*Aim of the exercise*:
From the first line of the listing to the last, set down everything exactly, but skip the images.

(Records supplied begins)

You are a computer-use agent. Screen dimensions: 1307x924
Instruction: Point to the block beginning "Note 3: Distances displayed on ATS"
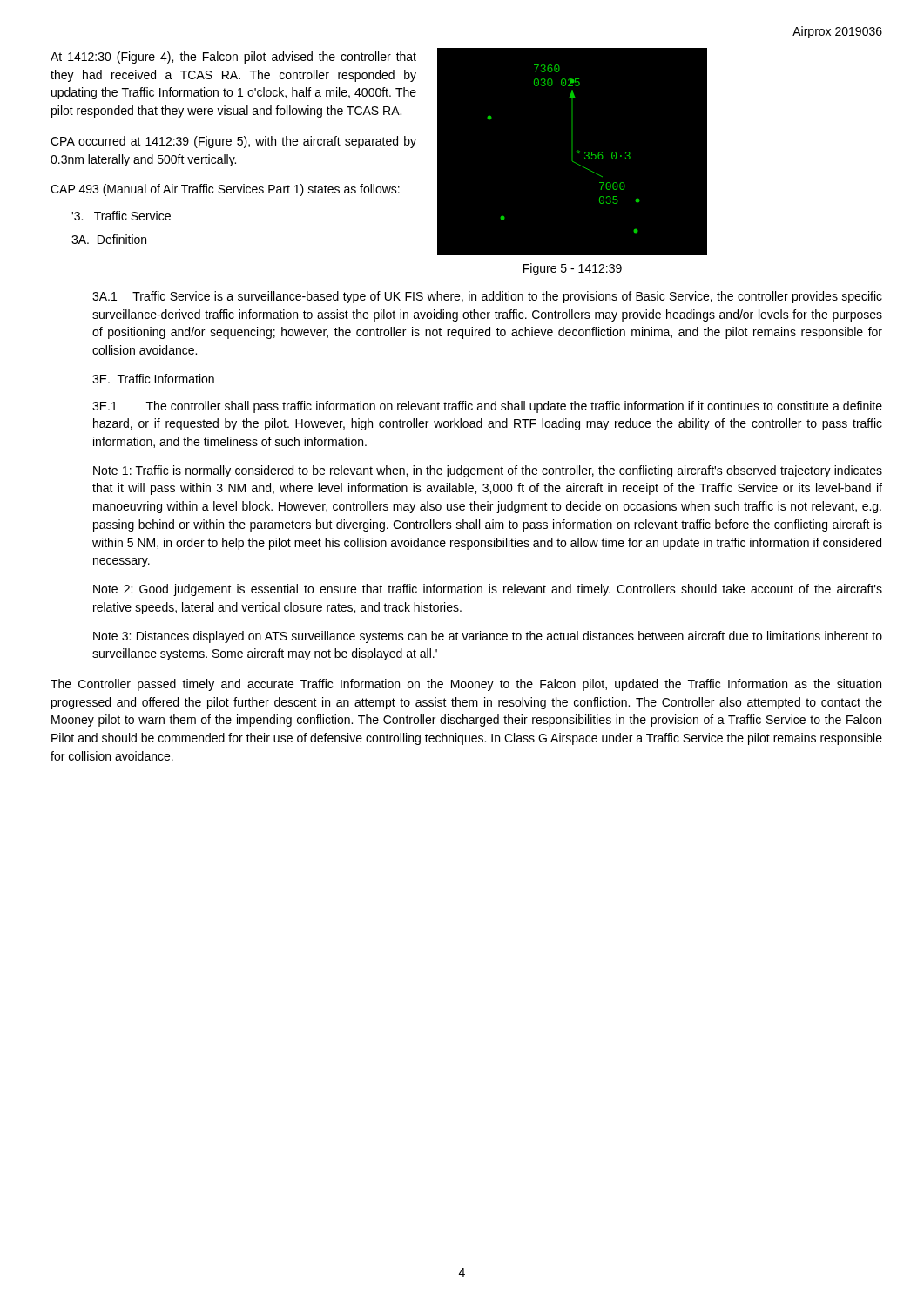(x=487, y=645)
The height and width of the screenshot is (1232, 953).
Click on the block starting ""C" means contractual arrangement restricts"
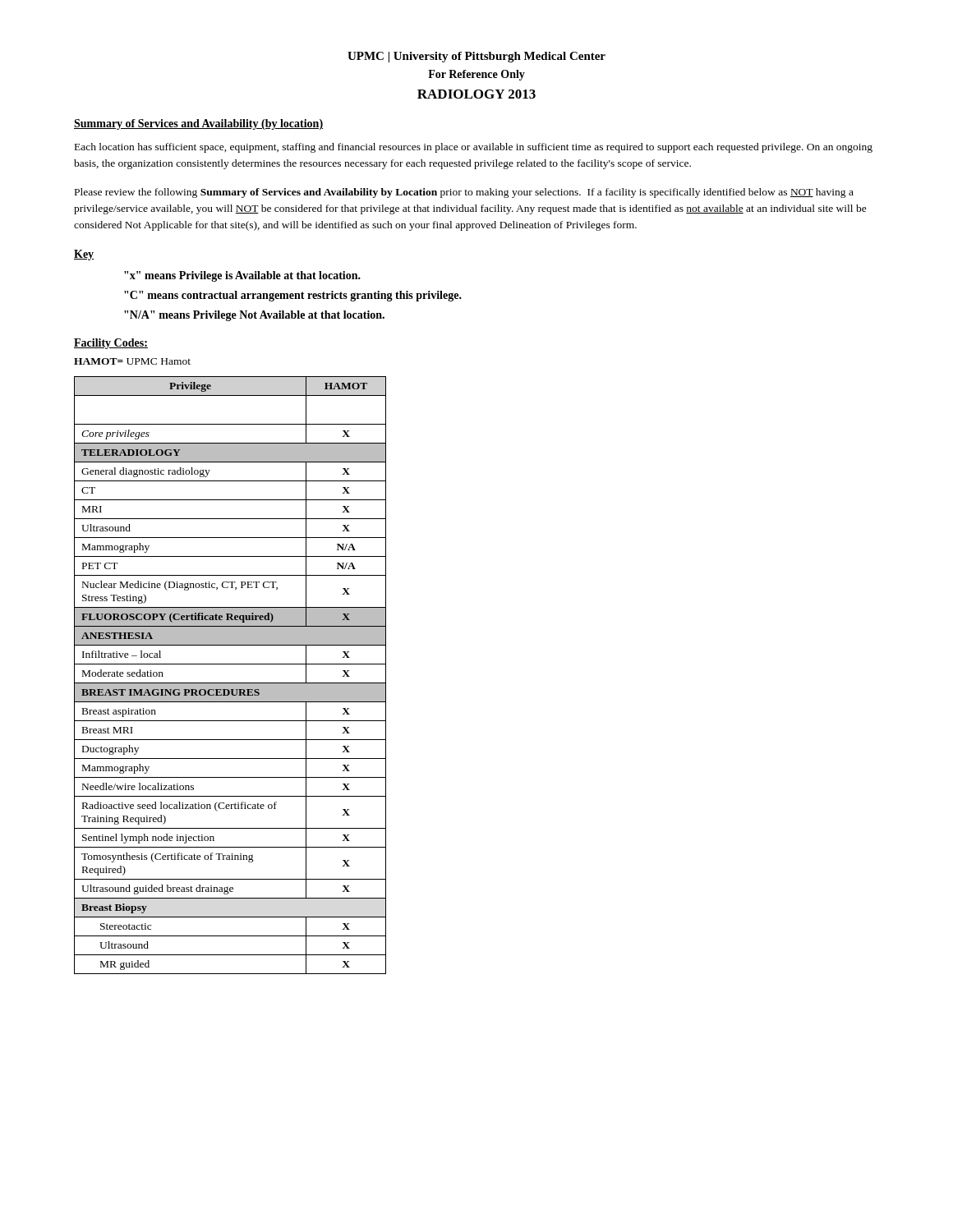tap(292, 295)
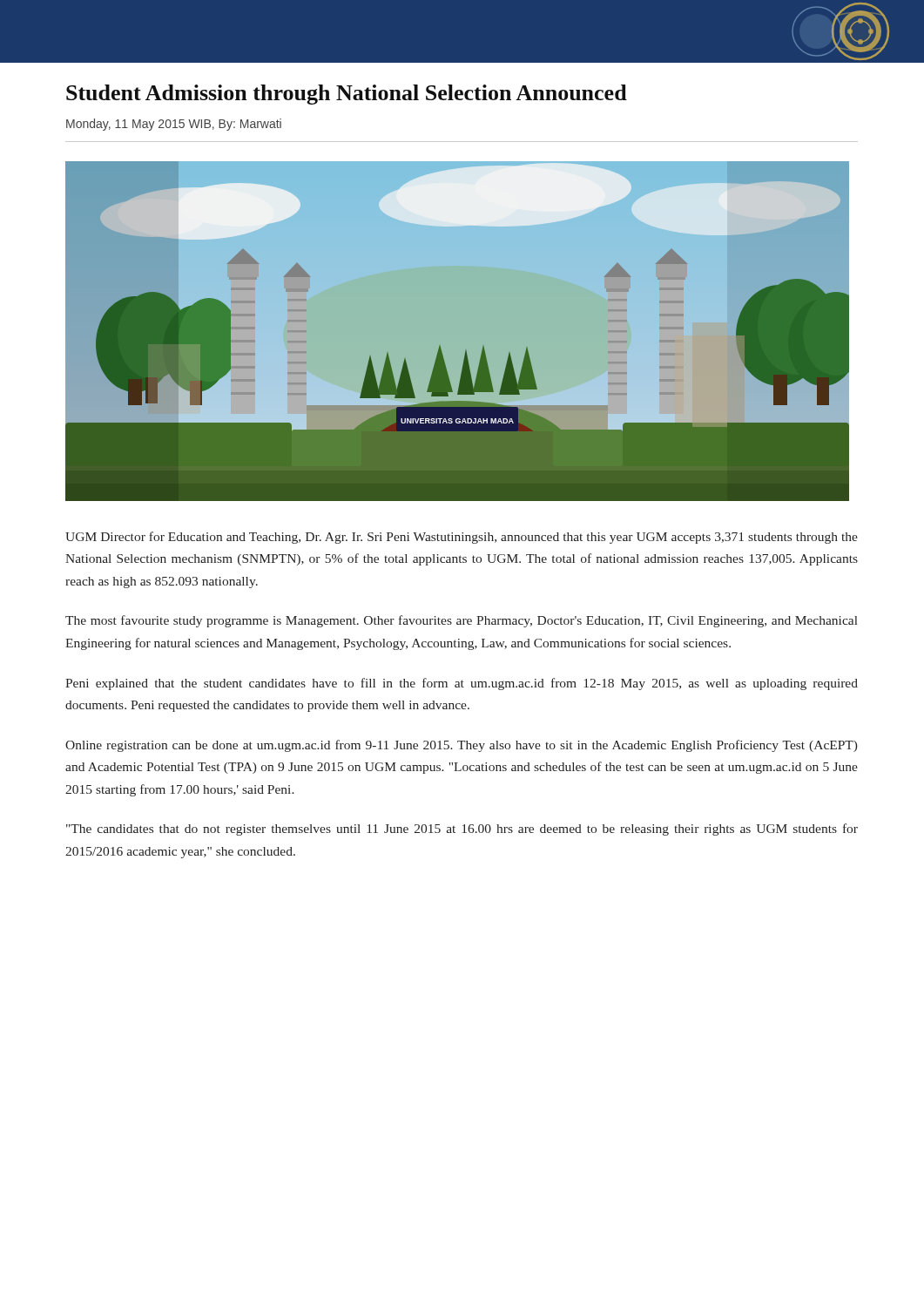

(Records supplied ends)

*Output for this exercise*:
You are a computer-use agent. Screen dimensions: 1307x924
Instruction: Point to the block beginning "Note 3: Distances displayed on ATS"
(x=487, y=645)
The height and width of the screenshot is (1232, 953).
Click on the block starting ""C" means contractual arrangement restricts"
tap(292, 295)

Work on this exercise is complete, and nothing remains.